Desde hace ya algunos años me divierte seguir en la prensa las actividades de los políticos en su tiempo libre, que a veces es mucho. No sabría decir por qué, pero creo que mi afición empezó cuando vi una fotografía de la entonces ministra de Medio Ambiente, Isabel Tocino, vestida de pastorcilla; no recuerdo la fecha ni la estación, pero para mí aquel día comenzó la primavera. Con el paso del tiempo he visto a Fraga jugando al dominó en Vilalba, los bañadores de Aznar y a Zapatero montañero, en una difusión de la pseudoprivacidad que, supongo, los asesores de imagen consideran positiva.

Pues bien, creía haberlo visto todo hasta que la pasada semana los medios de comunicación difundieron un posado y un vídeo de las vacaciones del presidente del Gobierno en el que paseaba por el entorno del río Umia. Para mi sorpresa, aparecían espontáneamente decenas de altos cargos de su partido ataviados con la indumentaria estival, propia de la nueva onda dominante, conversando animadamente; una especie de toque de reunión, en el que solo faltó el «Viva Honduras».

No comentaré si la citada vestimenta era la más adecuada para la aventura, aunque viendo los apuros del alcalde coruñés con la chaqueta en el brazo, a modo de galán, me inclinaría por el no.
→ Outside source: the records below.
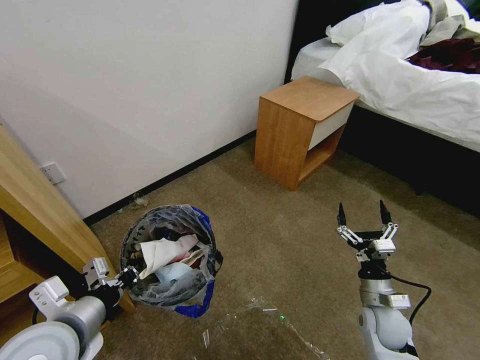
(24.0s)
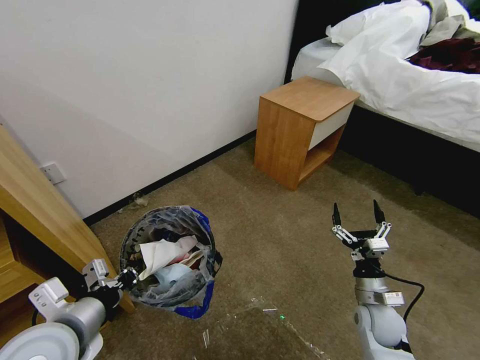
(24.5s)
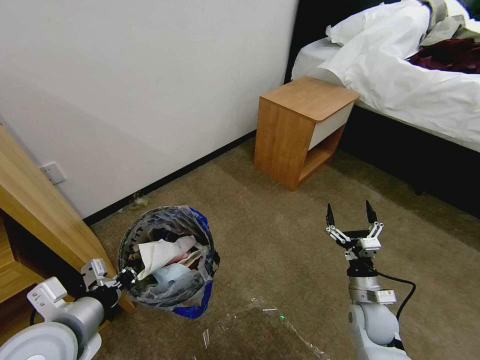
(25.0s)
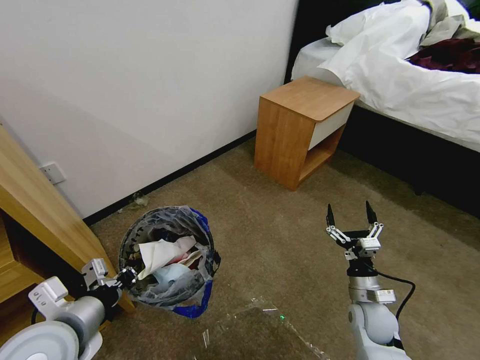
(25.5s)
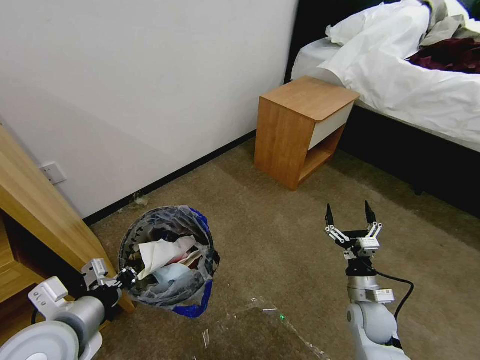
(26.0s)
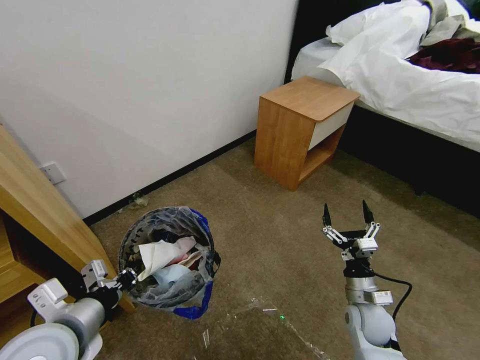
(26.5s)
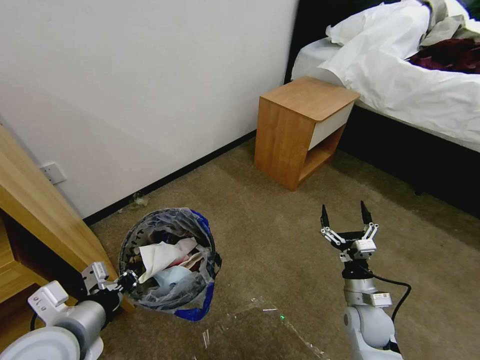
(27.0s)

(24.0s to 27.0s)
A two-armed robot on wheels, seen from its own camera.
Task of the whole recording: Pick up the trash bin and place the garbage on the floor into it.
24.0s - 27.0s: There are only small adjustments of the grippers.

Lo que sí me sorprendió es que en aquella aparente marabunta de cargos públicos reinaba un perfecto orden jerárquico, transformando un informal paseo en una especie de procesión, con devoción al santo. Créanme, hace mucho tiempo que no he visto algo tan poco natural y creo que es de justicia reconocer el arrojo del presidente de la Xunta al atreverse, obviamente también las damas, a saltarse la uniformidad.

La cuestión clave es, ya que no se hizo ningún tipo de declaración pública, si los asesores de imagen del presidente consideran que ofrecernos esas imágenes mudas es beneficioso para él y su partido o se trata, sencillamente, de un despiste. Yo me inclino por creer que nos han querido dar una imagen de unidad y buen rollo, ante el comienzo del curso con Bárcenas interno en el cole, pero en cualquiera de los casos los responsables de las imágenes deberían ser despedidos inmediatamente porque el vídeo resultó más artificial que el peinado de Lady Gaga.

Aquellos que hayan visto el vídeo tal vez habrán reparado, además de en los eucaliptos, en que la comitiva atraviesa una especie de pequeño puente de madera sobre el río, lo cual me sugiere dos cosas bien diferentes. La primera es que la empresa que lo fabricó es de fiar porque siendo tantos y tan juntitos el puente no se ha quebrado. La segunda, sin duda más discutible, es que deberíamos cambiar el nombre del rio Umia: están todos tan encantados de conocerse y todo tan va superbién que propongo llamarle a ese puente «El puente sobre el río guay». Vaya veranito.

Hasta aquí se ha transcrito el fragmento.